### What you have to do:
Find the line in the entries below that contains "Please draw a". Repeat it exactly, and every line after it through the line that contains "Return headerless comma-separated".

##############################

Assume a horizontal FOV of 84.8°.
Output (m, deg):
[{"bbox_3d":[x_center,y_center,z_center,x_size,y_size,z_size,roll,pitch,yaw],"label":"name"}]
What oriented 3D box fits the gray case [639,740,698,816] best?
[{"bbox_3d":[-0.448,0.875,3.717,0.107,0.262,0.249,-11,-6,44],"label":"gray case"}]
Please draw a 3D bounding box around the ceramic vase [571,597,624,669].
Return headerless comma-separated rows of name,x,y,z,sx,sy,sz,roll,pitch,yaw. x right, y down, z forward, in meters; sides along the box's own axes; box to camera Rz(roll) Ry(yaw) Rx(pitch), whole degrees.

##############################

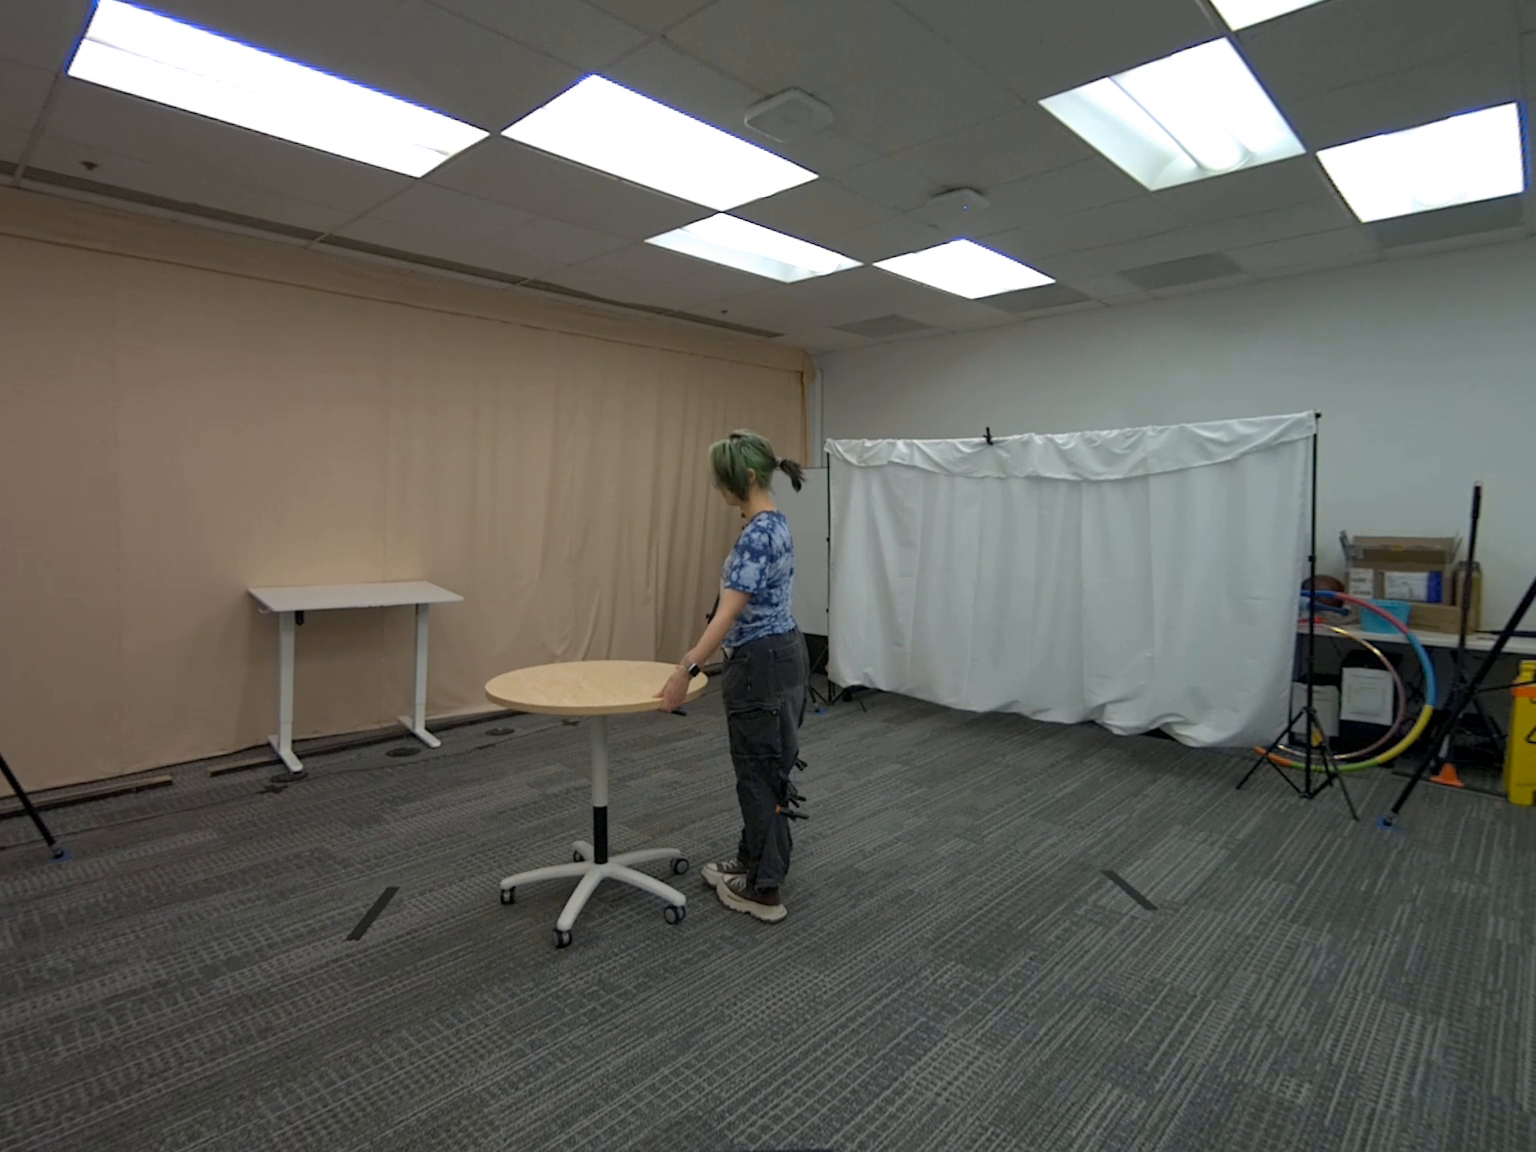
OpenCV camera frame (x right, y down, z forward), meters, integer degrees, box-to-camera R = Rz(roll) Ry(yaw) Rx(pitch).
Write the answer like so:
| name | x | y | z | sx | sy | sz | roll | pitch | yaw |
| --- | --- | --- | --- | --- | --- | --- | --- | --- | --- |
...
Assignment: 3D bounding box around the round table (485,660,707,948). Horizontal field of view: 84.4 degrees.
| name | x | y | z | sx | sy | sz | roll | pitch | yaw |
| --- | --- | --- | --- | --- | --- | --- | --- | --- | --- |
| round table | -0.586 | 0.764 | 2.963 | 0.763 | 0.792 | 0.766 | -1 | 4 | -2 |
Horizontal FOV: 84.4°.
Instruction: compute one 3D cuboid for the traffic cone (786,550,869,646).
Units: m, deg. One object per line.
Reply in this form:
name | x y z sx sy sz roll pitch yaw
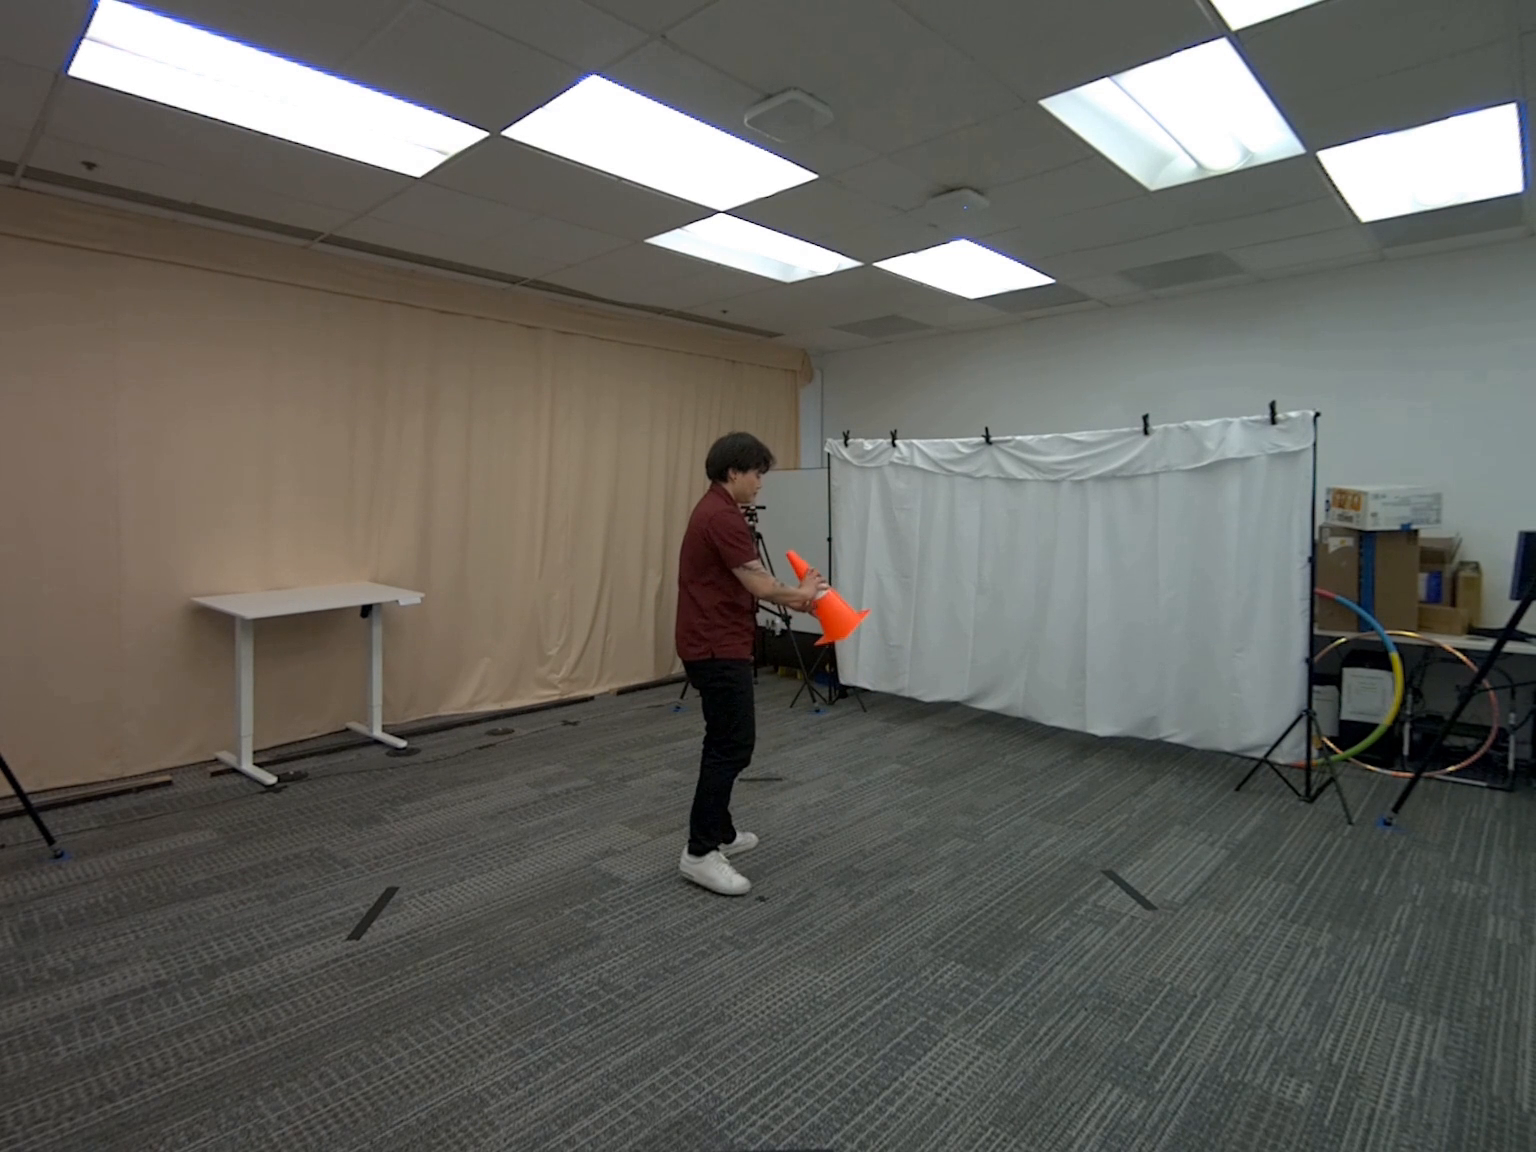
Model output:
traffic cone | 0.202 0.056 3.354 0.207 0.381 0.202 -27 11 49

##############################

### Task result:
Please draw a 3D bounding box around the ceramic vase [571,597,624,669].
Return headerless comma-separated rows of name,x,y,z,sx,sy,sz,roll,pitch,yaw. x right, y down, z forward, in meters; sides along the box's own axes; box to camera Rz(roll) Ry(yaw) Rx(pitch), whole degrees.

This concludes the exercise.